### TASK PROMPT
Leave the pictures out and quote every line from the start of the listing to the line with "Answer: 2023-10-01 Who", inclusive.
------ TASK INPUTS ------
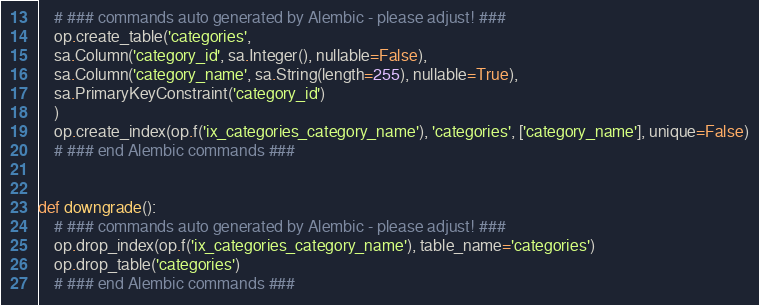<code> <loc_0><loc_0><loc_500><loc_500><_Python_>    # ### commands auto generated by Alembic - please adjust! ###
    op.create_table('categories',
    sa.Column('category_id', sa.Integer(), nullable=False),
    sa.Column('category_name', sa.String(length=255), nullable=True),
    sa.PrimaryKeyConstraint('category_id')
    )
    op.create_index(op.f('ix_categories_category_name'), 'categories', ['category_name'], unique=False)
    # ### end Alembic commands ###


def downgrade():
    # ### commands auto generated by Alembic - please adjust! ###
    op.drop_index(op.f('ix_categories_category_name'), table_name='categories')
    op.drop_table('categories')
    # ### end Alembic commands ###
</code> 
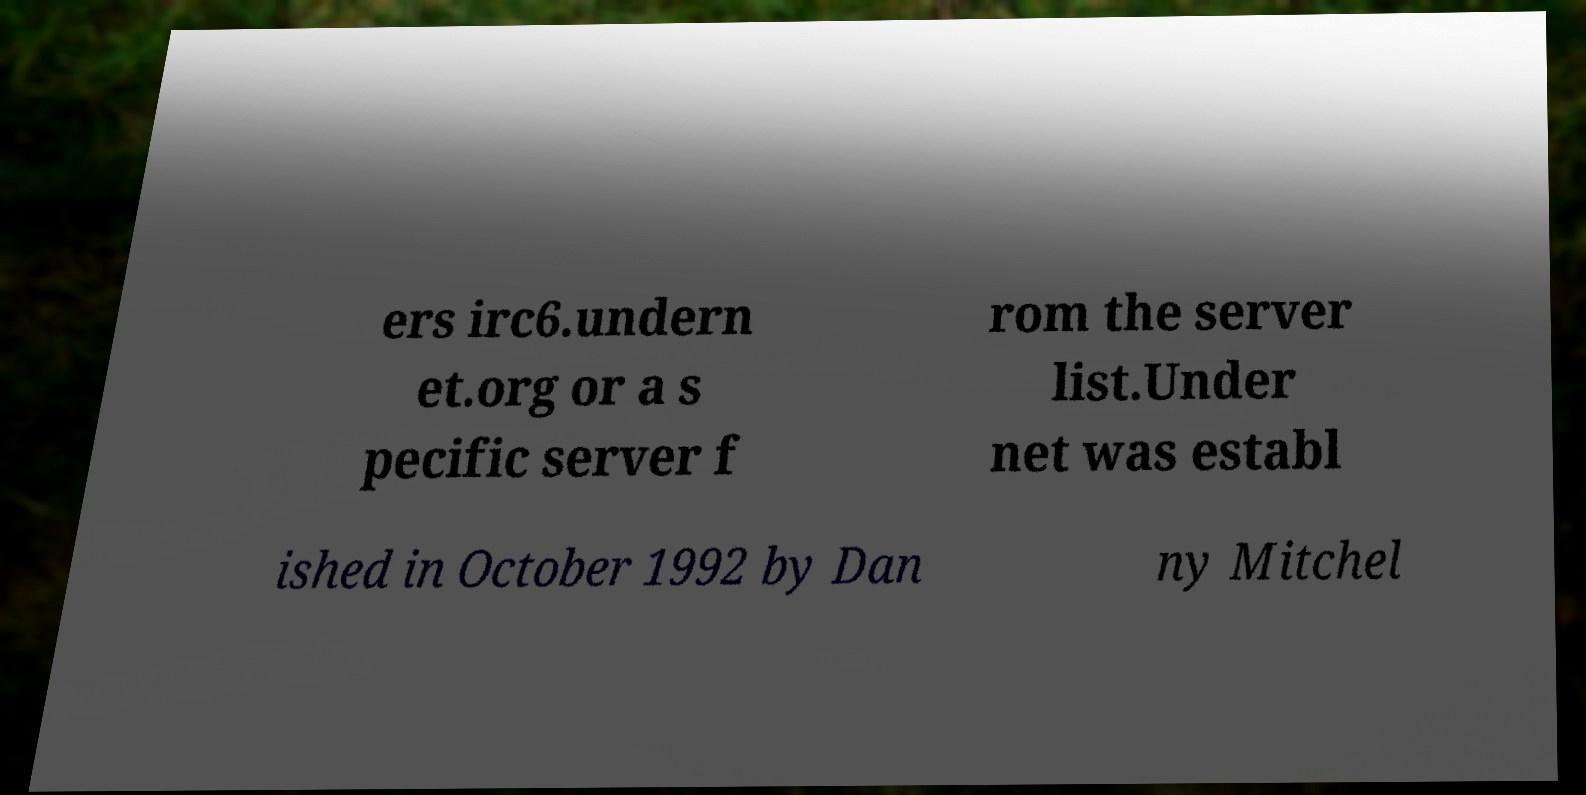Please read and relay the text visible in this image. What does it say? ers irc6.undern et.org or a s pecific server f rom the server list.Under net was establ ished in October 1992 by Dan ny Mitchel 
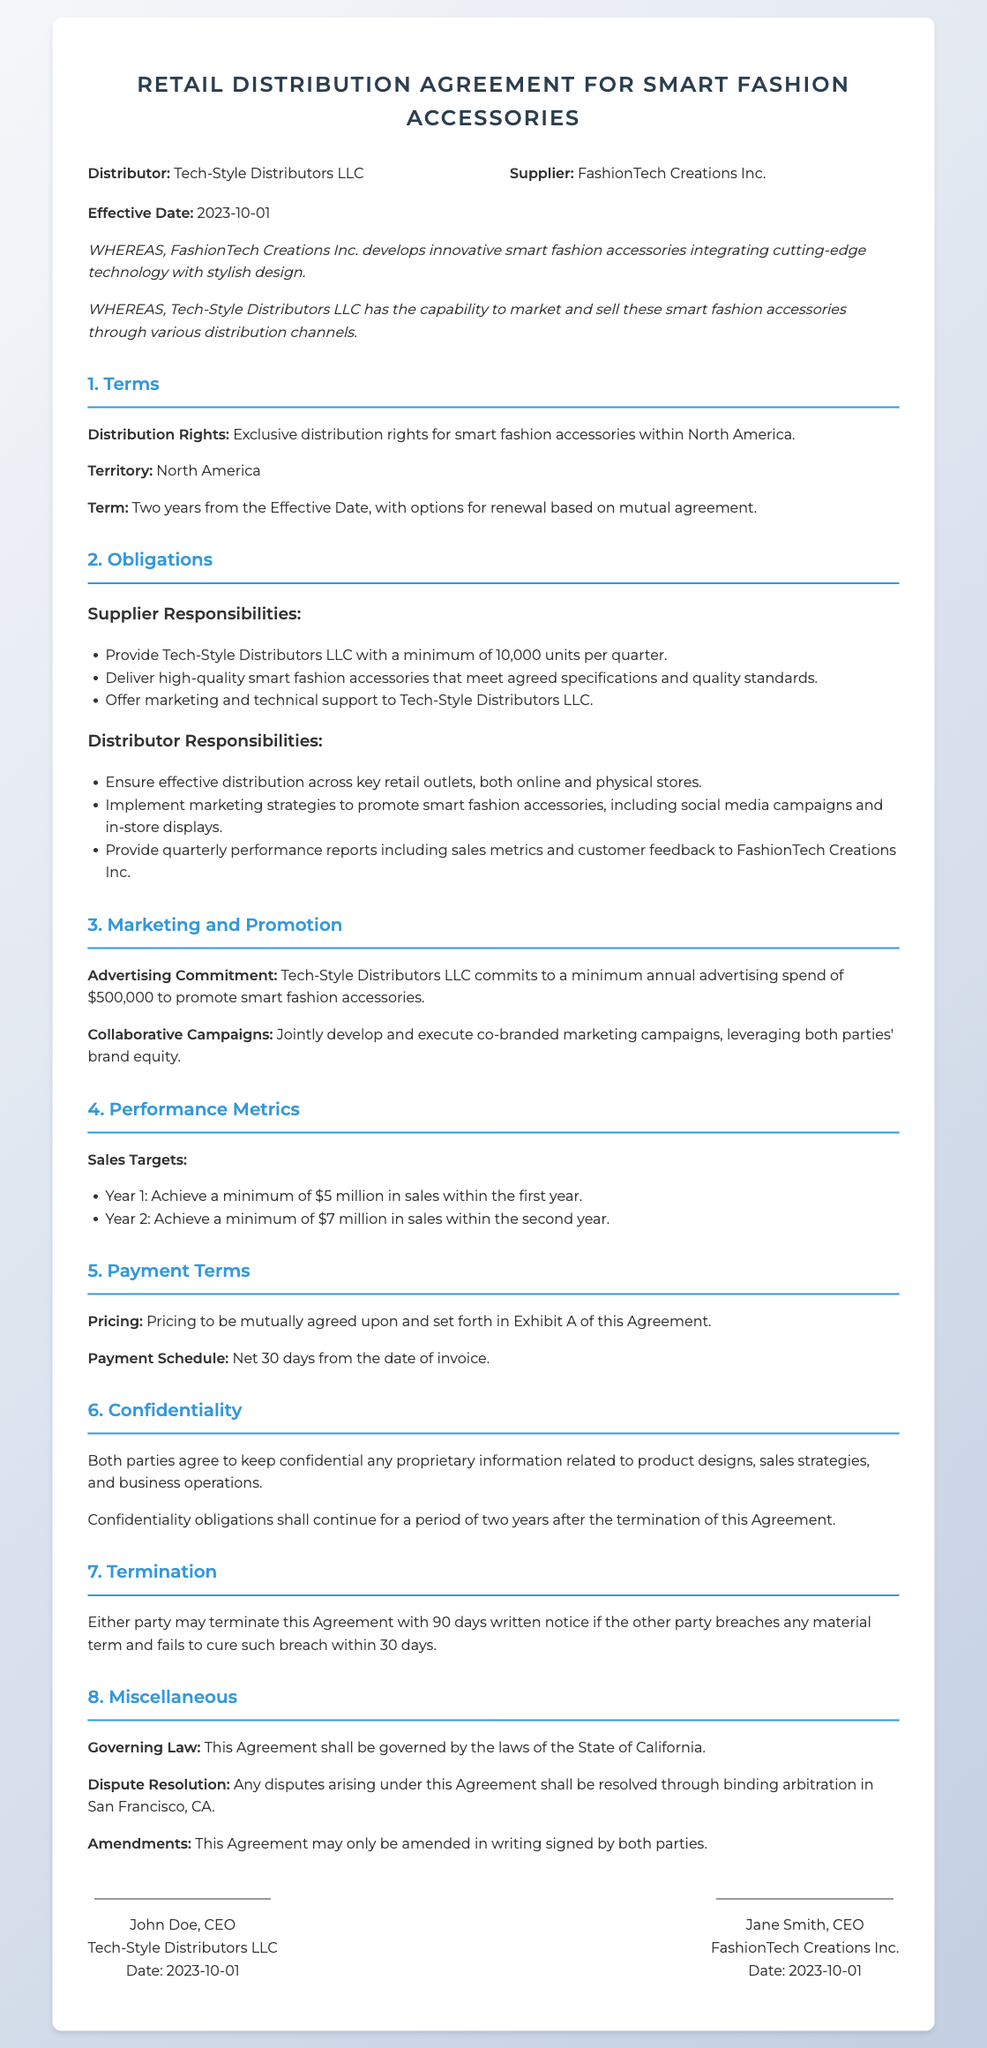What is the effective date of the agreement? The effective date is stated at the beginning of the document, marking when the agreement starts.
Answer: 2023-10-01 Who is the supplier in this agreement? The supplier is defined at the beginning of the document, identifying the entity responsible for providing the products.
Answer: FashionTech Creations Inc What are the sales targets for Year 1? The document specifies minimum sales targets for each year, outlining performance expectations for the distributor.
Answer: $5 million What is the minimum annual advertising spend? The advertising commitment section outlines the financial obligation for marketing efforts specified in the agreement.
Answer: $500,000 How long is the term of this agreement? The term section provides the duration of the agreement, indicating how long the distribution rights will be effective.
Answer: Two years What are the confidentiality obligations duration after termination? The confidentiality section highlights how long the proprietary information must remain confidential, indicating the duration specified.
Answer: Two years What must the distributor provide quarterly to the supplier? The distributor's responsibilities section describes what performance information is required to be reported to the supplier regularly.
Answer: Quarterly performance reports What is the governing law for this agreement? The miscellaneous section indicates which state laws will apply to resolve any legal issues arising from this agreement.
Answer: California
------
### OUTPUT OF THE EXERCISE
<code> <loc_0><loc_0><loc_500><loc_500><_Python_>    # ### commands auto generated by Alembic - please adjust! ###
    op.create_table('categories',
    sa.Column('category_id', sa.Integer(), nullable=False),
    sa.Column('category_name', sa.String(length=255), nullable=True),
    sa.PrimaryKeyConstraint('category_id')
    )
    op.create_index(op.f('ix_categories_category_name'), 'categories', ['category_name'], unique=False)
    # ### end Alembic commands ###


def downgrade():
    # ### commands auto generated by Alembic - please adjust! ###
    op.drop_index(op.f('ix_categories_category_name'), table_name='categories')
    op.drop_table('categories')
    # ### end Alembic commands ###
</code> 
Please read and relay the text visible in this image. What does it say? ers irc6.undern et.org or a s pecific server f rom the server list.Under net was establ ished in October 1992 by Dan ny Mitchel 
What is the effective date of the agreement? The effective date is stated at the beginning of the document, marking when the agreement starts.
Answer: 2023-10-01 Who is the supplier in this agreement? The supplier is defined at the beginning of the document, identifying the entity responsible for providing the products.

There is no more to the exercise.